**Task objective:** Read through the records below and copy each line that uses the word "Gold".

**Dataset records:**

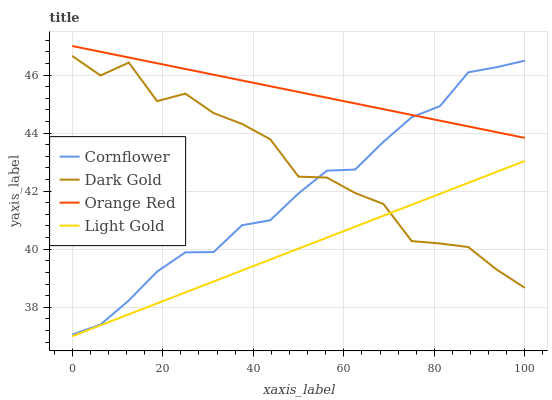Does Orange Red have the minimum area under the curve?
Answer yes or no. No. Does Light Gold have the maximum area under the curve?
Answer yes or no. No. Is Dark Gold the smoothest?
Answer yes or no. No. Is Orange Red the roughest?
Answer yes or no. No. Does Orange Red have the lowest value?
Answer yes or no. No. Does Light Gold have the highest value?
Answer yes or no. No. Is Dark Gold less than Orange Red?
Answer yes or no. Yes. Is Cornflower greater than Light Gold?
Answer yes or no. Yes. Does Dark Gold intersect Orange Red?
Answer yes or no. No.

**Your response:**
Answer yes or no. No. Does Light Gold have the maximum area under the curve?
Answer yes or no. No. Is Dark Gold the smoothest?
Answer yes or no. No. Does Light Gold have the highest value?
Answer yes or no. No. Is Dark Gold less than Orange Red?
Answer yes or no. Yes. Is Cornflower greater than Light Gold?
Answer yes or no. Yes. Does Dark Gold intersect Orange Red?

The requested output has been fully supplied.